Uw zoekacties: R.E.T.-Abri aan de Boezemweg met reclame op tramhuisjes. Archieven van het ambacht en de gemeente Capelle aan den IJssel

9 Archieven van het ambacht en de gemeente Capelle aan den IJssel ( Gemeente Capelle aan den IJssel )

beacon
 
 
Inventaris
01. Nieuwe inleiding
01.2. Geschiedenis van de archiefvormer
01.2.01. Het ontstaan van Capelle aan den IJssel
9 Archieven van het ambacht en de gemeente Capelle aan den IJssel
01. Nieuwe inleiding
01.2. Geschiedenis van de archiefvormer
01.2.01.
Het ontstaan van Capelle aan den IJssel
De naam Capelle komt, voor zover we thans weten, het eerst voor in een akte die gegevens uit de jaren 1276-1280 bevat *  Het had toen reeds een eigen geestelijke (Theodoricus), die in 1282 als rector te Capelle zegelde, en zal dus wellicht een parochie zijn geweest met een eigen parochiekerk *  ; de naam capella doet een nog eerder stadium vermoeden. Capelle wordt in deze tijd steeds tesamen met Nieuwerkerk en Moordrecht, ook wel in combinatie met Ouderkerk, alle dorpen aan de Hollandse IJssel, genoemd. De eerste drie plaatsen hebben samen één ambacht gevormd met dezelfde heer, op het einde van de dertiende eeuw heer Traveys van Moordrecht, die in 1282 dit ambacht tussen de Gouwe en Kralingen van de graaf van Holland in leen hield en een woning bezat 'ter Nuwenkerke, an der Westside' * 
Volgens de kerkelijke indeling van het bisdom Utrecht in de Middeleeuwen behoorden Moordrecht, Nieuwerkerk en Capelle tot het aartsdiakonaat van Oudmunster en niet, zoals de parochies van het dekenaat Schieland, tot dat van de Dom. Ook het wereldlijk gezag heeft, voordat dit stuk van de Utrechts-Hollandse laagvlakte in de twaalfde eeuw aan de grafelijkheid van Holland kwam, bij de bisschoppen van Utrecht berust. Het dekenaat Beneden IJssel en Lek, waarin ze gelegen waren, hing ongetwijfeld samen met de voormalige gouw aldaar, waar Oudmunster al sinds 944 gegoed was *  De visserij in de Hollandse IJssel en sommige tienden te Capelle zijn tot 1795 een leen van Oudmunster gebleven. De oudste ontginning van het veengebied zal in de elfde of vroeg twaalfde eeuw onder Utrechts bewind hebben plaatsgevonden.

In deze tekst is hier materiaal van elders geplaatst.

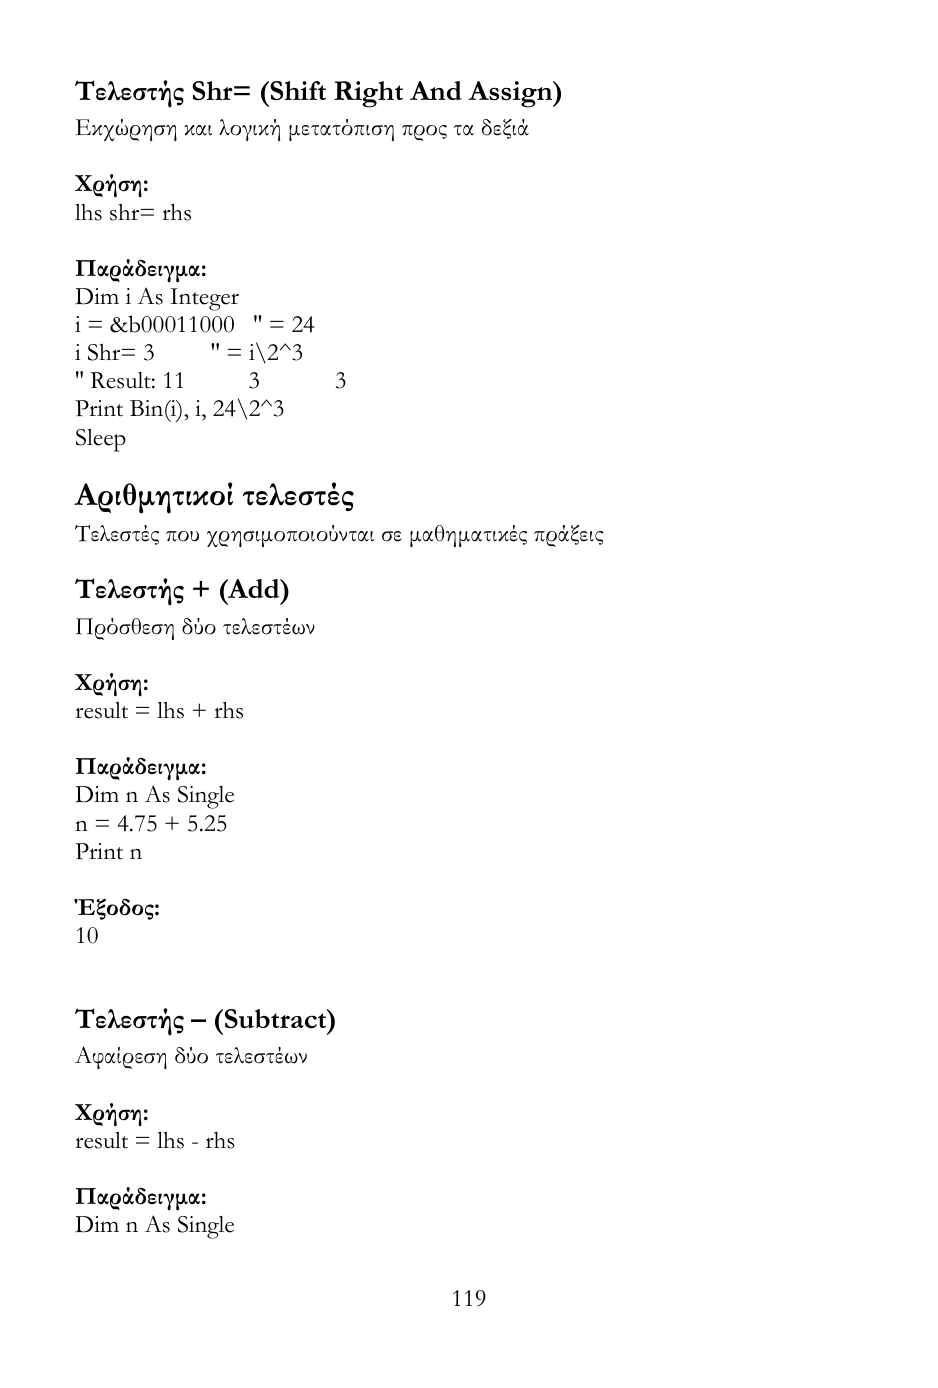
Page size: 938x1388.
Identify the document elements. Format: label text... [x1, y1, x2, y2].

subtitle Τελεστής + (Add) [75, 573, 862, 606]
text Χρήση: [75, 1098, 862, 1127]
text '' Result: 11 3 3 [75, 367, 862, 395]
text result = lhs - rhs [75, 1127, 862, 1155]
text Χρήση: [75, 669, 862, 697]
text Print n [75, 837, 862, 866]
text result = lhs + rhs [75, 697, 862, 725]
subtitle Αριθμητικοί τελεστές [75, 477, 862, 514]
text Πρόσθεση δύο τελεστέων [75, 612, 862, 641]
text 10 [75, 922, 862, 950]
text i = &b00011000 '' = 24 [75, 311, 862, 339]
text n = 4.75 + 5.25 [75, 809, 862, 837]
text Παράδειγμα: [75, 255, 862, 283]
text Dim n As Single [75, 781, 862, 809]
text Παράδειγμα: [75, 1183, 862, 1211]
text i Shr= 3 '' = i\2^3 [75, 339, 862, 367]
text lhs shr= rhs [75, 198, 862, 227]
text Αφαίρεση δύο τελεστέων [75, 1042, 862, 1070]
text Χρήση: [75, 170, 862, 198]
subtitle Τελεστής Shr= (Shift Right And Assign) [75, 75, 862, 108]
text Παράδειγμα: [75, 753, 862, 781]
text Sleep [75, 423, 862, 452]
text Dim i As Integer [75, 283, 862, 311]
text Print Bin(i), i, 24\2^3 [75, 395, 862, 423]
text Εκχώρηση και λογική μετατόπιση προς τα δεξιά [75, 114, 862, 142]
text Dim n As Single [75, 1211, 862, 1239]
text Έξοδος: [75, 894, 862, 922]
text Τελεστές που χρησιμοποιούνται σε μαθηματικές πράξεις [75, 520, 862, 548]
subtitle Τελεστής – (Subtract) [75, 1003, 862, 1036]
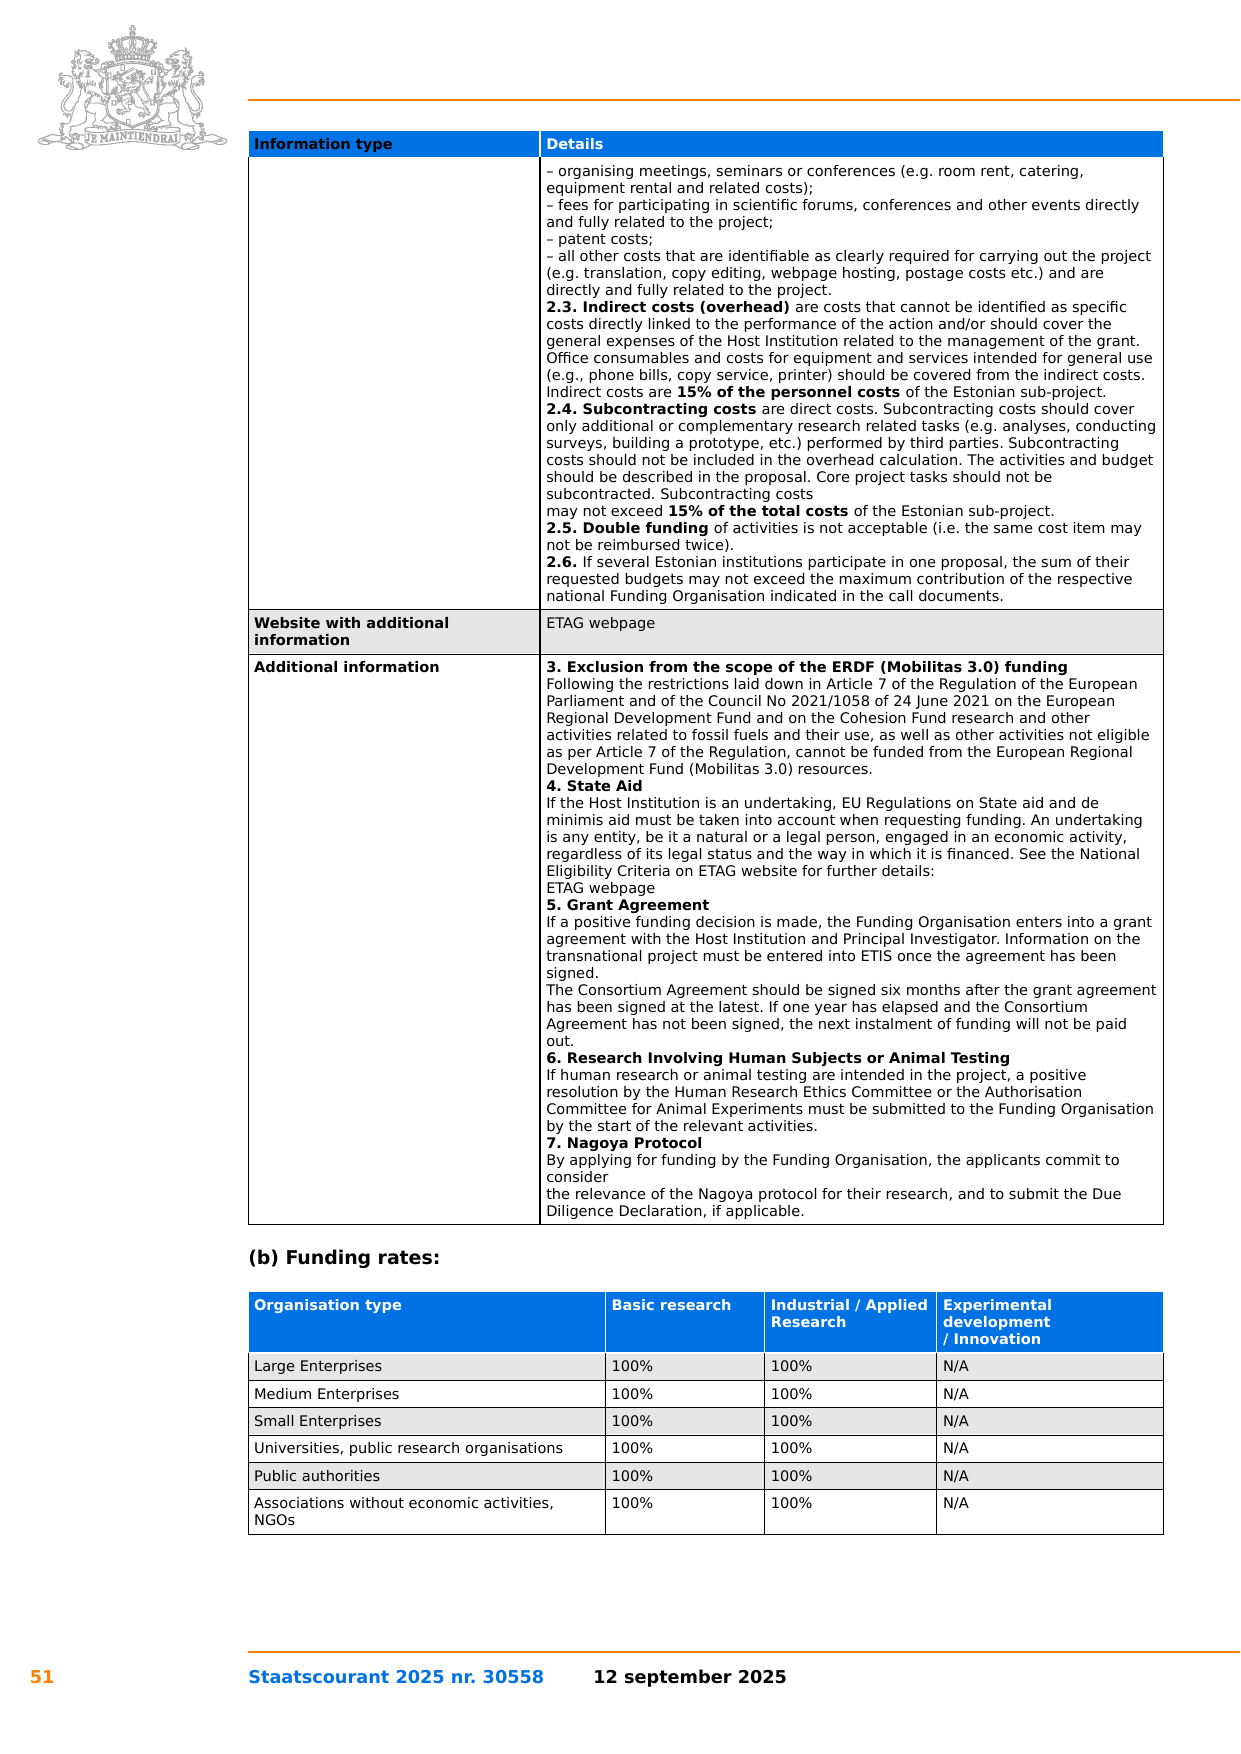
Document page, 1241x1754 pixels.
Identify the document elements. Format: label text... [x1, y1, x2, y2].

table_cell Additional information [249, 655, 539, 1224]
picture [38, 25, 227, 150]
table_cell Large Enterprises [249, 1354, 605, 1380]
table_cell Associations without economic activities, NGOs [249, 1490, 605, 1534]
table_cell 100% [765, 1381, 936, 1407]
table_cell – organising meetings, seminars or conferences (e.g. room rent, catering, equipment rental and related costs); – fees for participating in scientific forums, conferences and other events directly and fully related to the project; – patent costs; – all other costs that are identifiable as clearly required for carrying out the project (e.g. translation, copy editing, webpage hosting, postage costs etc.) and are directly and fully related to the project. 2.3. Indirect costs (overhead) are costs that cannot be identified as specific costs directly linked to the performance of the action and/or should cover the general expenses of the Host Institution related to the management of the grant. Office consumables and costs for equipment and services intended for general use (e.g., phone bills, copy service, printer) should be covered from the indirect costs. Indirect costs are 15% of the personnel costs of the Estonian sub-project. 2.4. Subcontracting costs are direct costs. Subcontracting costs should cover only additional or complementary research related tasks (e.g. analyses, conducting surveys, building a prototype, etc.) performed by third parties. Subcontracting costs should not be included in the overhead calculation. The activities and budget should be described in the proposal. Core project tasks should not be subcontracted. Subcontracting costs may not exceed 15% of the total costs of the Estonian sub-project. 2.5. Double funding of activities is not acceptable (i.e. the same cost item may not be reimbursed twice). 2.6. If several Estonian institutions participate in one proposal, the sum of their requested budgets may not exceed the maximum contribution of the respective national Funding Organisation indicated in the call documents. [541, 158, 1163, 609]
table_header Organisation type [249, 1292, 605, 1352]
table_cell 100% [606, 1436, 764, 1462]
table_cell 100% [765, 1490, 936, 1534]
table_cell [249, 158, 539, 609]
table_cell N/A [937, 1381, 1163, 1407]
table_cell 3. Exclusion from the scope of the ERDF (Mobilitas 3.0) funding Following the restrictions laid down in Article 7 of the Regulation of the European Parliament and of the Council No 2021/1058 of 24 June 2021 on the European Regional Development Fund and on the Cohesion Fund research and other activities related to fossil fuels and their use, as well as other activities not eligible as per Article 7 of the Regulation, cannot be funded from the European Regional Development Fund (Mobilitas 3.0) resources. 4. State Aid If the Host Institution is an undertaking, EU Regulations on State aid and de minimis aid must be taken into account when requesting funding. An undertaking is any entity, be it a natural or a legal person, engaged in an economic activity, regardless of its legal status and the way in which it is financed. See the National Eligibility Criteria on ETAG website for further details: ETAG webpage 5. Grant Agreement If a positive funding decision is made, the Funding Organisation enters into a grant agreement with the Host Institution and Principal Investigator. Information on the transnational project must be entered into ETIS once the agreement has been signed. The Consortium Agreement should be signed six months after the grant agreement has been signed at the latest. If one year has elapsed and the Consortium Agreement has not been signed, the next instalment of funding will not be paid out. 6. Research Involving Human Subjects or Animal Testing If human research or animal testing are intended in the project, a positive resolution by the Human Research Ethics Committee or the Authorisation Committee for Animal Experiments must be submitted to the Funding Organisation by the start of the relevant activities. 7. Nagoya Protocol By applying for funding by the Funding Organisation, the applicants commit to consider the relevance of the Nagoya protocol for their research, and to submit the Due Diligence Declaration, if applicable. [541, 655, 1163, 1224]
table_cell 100% [606, 1408, 764, 1434]
table_cell Small Enterprises [249, 1408, 605, 1434]
table_cell N/A [937, 1463, 1163, 1489]
table_cell 100% [765, 1408, 936, 1434]
table_cell 100% [606, 1381, 764, 1407]
table_header Details [541, 131, 1163, 157]
table_cell N/A [937, 1354, 1163, 1380]
table_cell Website with additional information [249, 610, 539, 653]
table_cell ETAG webpage [541, 610, 1163, 653]
table_cell 100% [606, 1490, 764, 1534]
table_header Basic research [606, 1292, 764, 1352]
table_cell N/A [937, 1436, 1163, 1462]
table_header Information type [249, 131, 539, 157]
table_cell Medium Enterprises [249, 1381, 605, 1407]
table_cell N/A [937, 1490, 1163, 1534]
table_cell Universities, public research organisations [249, 1436, 605, 1462]
table_header Experimental development / Innovation [937, 1292, 1163, 1352]
table_cell 100% [765, 1463, 936, 1489]
table_cell N/A [937, 1408, 1163, 1434]
table_cell 100% [765, 1436, 936, 1462]
table_cell 100% [606, 1354, 764, 1380]
subtitle (b) Funding rates: [248, 1247, 1163, 1269]
table_cell Public authorities [249, 1463, 605, 1489]
table_cell 100% [765, 1354, 936, 1380]
table_cell 100% [606, 1463, 764, 1489]
table_header Industrial / Applied Research [765, 1292, 936, 1352]

Waterstaatkundig behoorde het oude, ongedeelde ambacht Moordrecht oorspronkelijk evenmin tot Schieland. In 1122 is al sprake van de rechtsmacht over de dijken in dit gebied, die voortaan aan de bisschop van Utrecht toekwam; deze kon ze delegeren aan plaatselijke functionarissen (villici), waarschijnlijk locale schouten, terwijl in 1155 in het stroomgebied van de Hollandse IJssel (Lopik) van heemraden sprake is. In 1254 wordt over de dijken van het ambacht Moordrecht gezegd dat ze door de geërfden werden onderhouden. Het hoogheemraadschap tussen Schie en Gouwe wordt het eerst als grotere eenheid genoemd in 1273 en 1282 maar Capelle, Nieuwerkerk en Moordrecht worden niet vermeld onder de zeven ambachten die daartoe behoorden. Mogelijk in 1317, zeker pas in 1343 blijkt dat ze onder het hoogheemraadschap van Schieland vielen * 
Zo zal het oude ambacht Moordrecht wellicht ook staatkundig oorspronkelijk aangesloten zijn geweest bij de oude gouw Lek en IJssel, waar tot 1122 een zekere graaf Willem de rechtsmacht bezat. Daarna zal het gebied enige tijd onder het gezag van de bisschop van Utrecht hebben gestaan, en weer later is het binnen de invloedssfeer van de graven van Holland, die zich toen allang tot de omgeving van Rotterdam en Dordrecht uitstrekte, geraakt. Het zal-misschien via het baljuwschap van Zuid-Holland-tegen het einde van de dertiende eeuw bij het toen pas kort bestaande baljuwschap van Schieland zijn gekomen. In dit verband is het interessant bij S. van Leeuwen (1685) te lezen dat het slot Capelle oorspronkelijk in Zuid-Holland (in de oude betekenis van deze geografische eenheid, de omgeving van Dordrecht) gelegen was en niet in Schieland * 
Toen de toestand zich omstreeks 1350 had geconsolideerd-we gaan met zevenmijlslaarzen door de geschiedenis en verwijzen voor de ontwikkeling in details naar de publicaties, lagen de zaken als volgt. Het oude ambacht Moordrecht was uiteen gevallen. Naast de ambachten Moordrecht en Nieuwerkerk was er nu een ambacht Capelle, dat samen met het aangrenzende Nieuwerkerk onder de grafelijkheid van Holland behoorde en van deze via de leenkamer van het huis Polanen in erfelijk achterleen werd gehouden door diverse opeenvolgende geslachten, te beginnen met een jongere tak van de Polanens.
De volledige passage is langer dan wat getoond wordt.